CircuitSimulator
To build the simulator execute, build the ddsim_simple
(the name stuck due to historical reasons ;) ) CMake target and run the resulting executable with options according to your needs.
The standalone executable is launched in the following way, showing available options:
$ ./ddsim_simple --help
MQT DDSIM by https://iic.jku.at/eda/ -- Allowed options:
-h [ --help ] produce help message
--seed arg (=0) seed for random number generator (default zero is possibly directly used as seed!)
--shots arg (=0) number of measurements (if the algorithm does not contain non-unitary gates, weak simulation is used)
--pv display the state vector as list of pairs (real and imaginary parts)

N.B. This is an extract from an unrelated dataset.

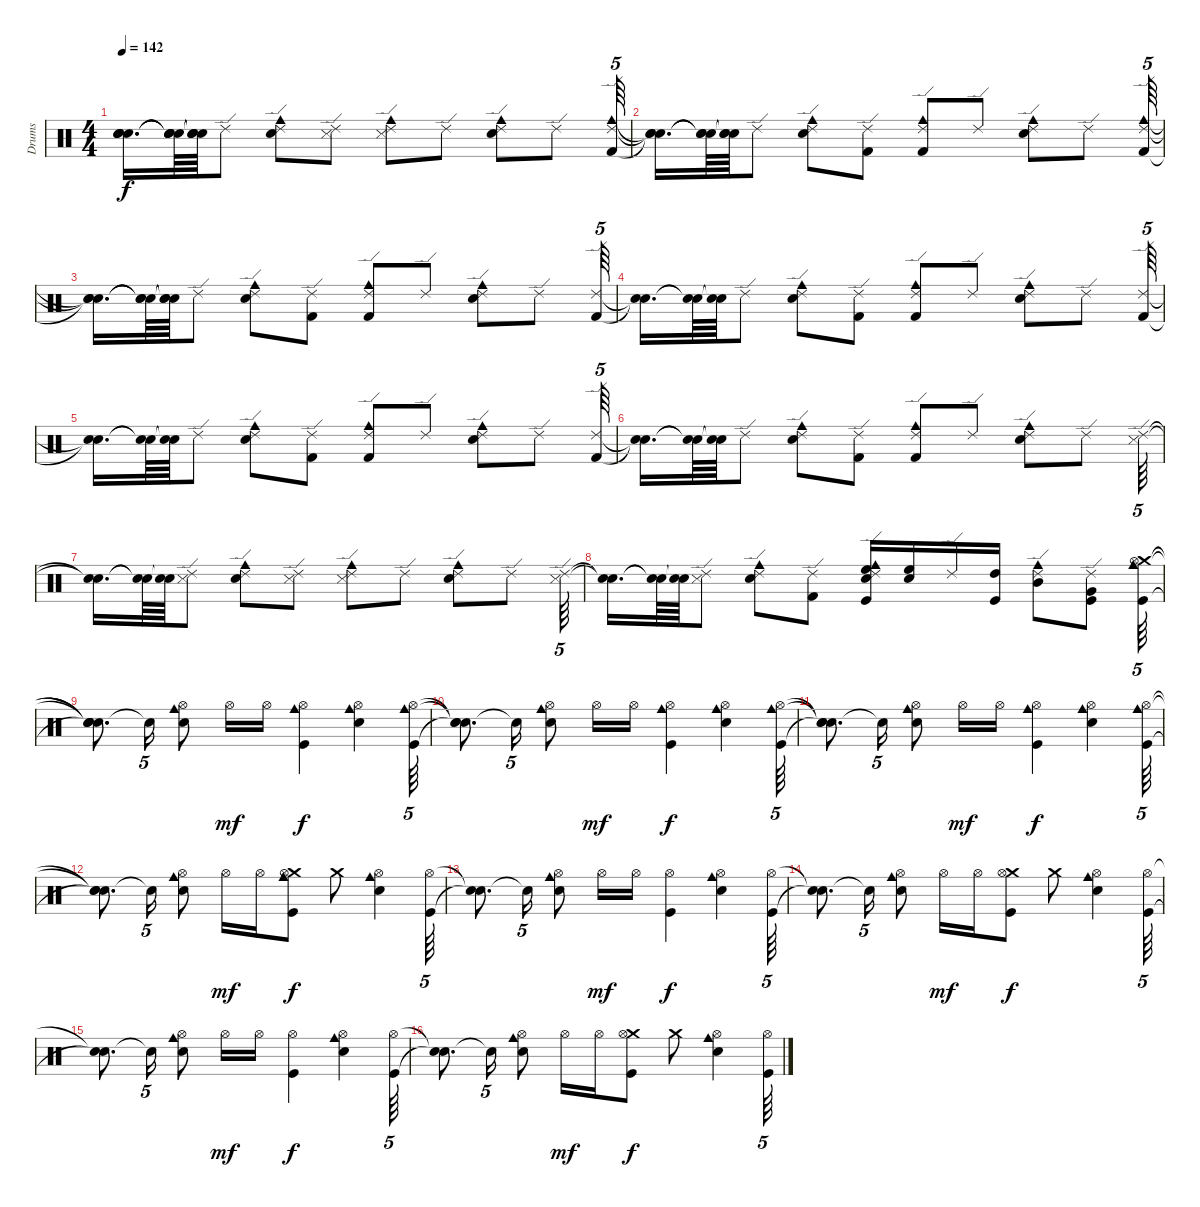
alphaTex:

--ps print simulation stats (applied gates, sim. time, and maximal size of the DD)
--pm print measurement results
--pcomplex print print additional statistics on complex numbers
--verbose Causes some simulators to print additional information to STDERR
--simulate_file arg simulate a quantum circuit given by file (detection by the file extension)
--simulate_file_hybrid arg simulate a quantum circuit given by file (detection by the file extension) using the hybrid Schrodinger-Feynman simulator
--hybrid_mode arg mode used for hybrid Schrodinger-Feynman simulation (*amplitude*, dd)
--nthreads arg (=2) #threads used for hybrid simulation
--simulate_qft arg simulate Quantum Fourier Transform for given number of qubits
--simulate_ghz arg simulate state preparation of GHZ state for given number of qubits
--step_fidelity arg (=1) target fidelity for each approximation run (>=1 = disable approximation)
--steps arg (=1) number of approximation steps
--simulate_grover arg simulate Grover's search for given number of qubits with random oracle
--simulate_grover_emulated arg simulate Grover's search for given number of qubits with random oracle and emulation
--simulate_grover_oracle_emulated arg simulate Grover's search for given number of qubits with given oracle and emulation
--simulate_shor arg simulate Shor's algorithm factoring this number
--simulate_shor_coprime arg (=0) coprime number to use with Shor's algorithm (zero randomly generates a coprime)
--simulate_shor_no_emulation Force Shor simulator to do modular exponentiation instead of using emulation (you'll usually want emulation)
--simulate_fast_shor arg simulate Shor's algorithm factoring this number with intermediate measurements
--simulate_fast_shor_coprime arg (=0) coprime number to use with Shor's algorithm (zero randomly generates a coprime)
The output is JSON-formatted as shown below (with hopefully intuitive naming).
$ cmake -DCMAKE_BUILD_TYPE=Release -S . -B build
$ cmake --build build --config Release --target ddsim_simple
$ ./build/ddsim_simple --simulate_ghz 4 --shots 1000 --ps --pm
{
"measurement_results": {
"0000": 484,
"1111": 516
},
"statistics": {
"applied_gates": 4,
"approximation_runs": "0",
"benchmark": "entanglement_4",
"distinct_results": 2,
"final_fidelity": "1.000000",
"max_nodes": 9,
"n_qubits": 4,
"seed": "0",
"shots": 1000,
"simulation_time": 0.00013726699398830533,
"single_shots": "1",
"step_fidelity": "1.000000"
}
}
Quickstart Guide
Execute the following lines to get the simulator running in no time:
$ git clone --recurse-submodules https://github.com/cda-tum/ddsim/
[...]
$ cd ddsim
ddsim/ $ cmake -S . -B build
-- Build files have been written to: /.../build
ddsim/ $ cmake --build build --config Release --target ddsim_simple
[...]
[100%] Built target ddsim_simple
ddsim/ $ build/ddsim_simple --help
MQT DDSIM by https://iic.jku.at/eda/ -- Allowed options:
-h [ --help ] produce help message
[...]
If you are using this simulator, please cite [Zulehner and Wille, 2019].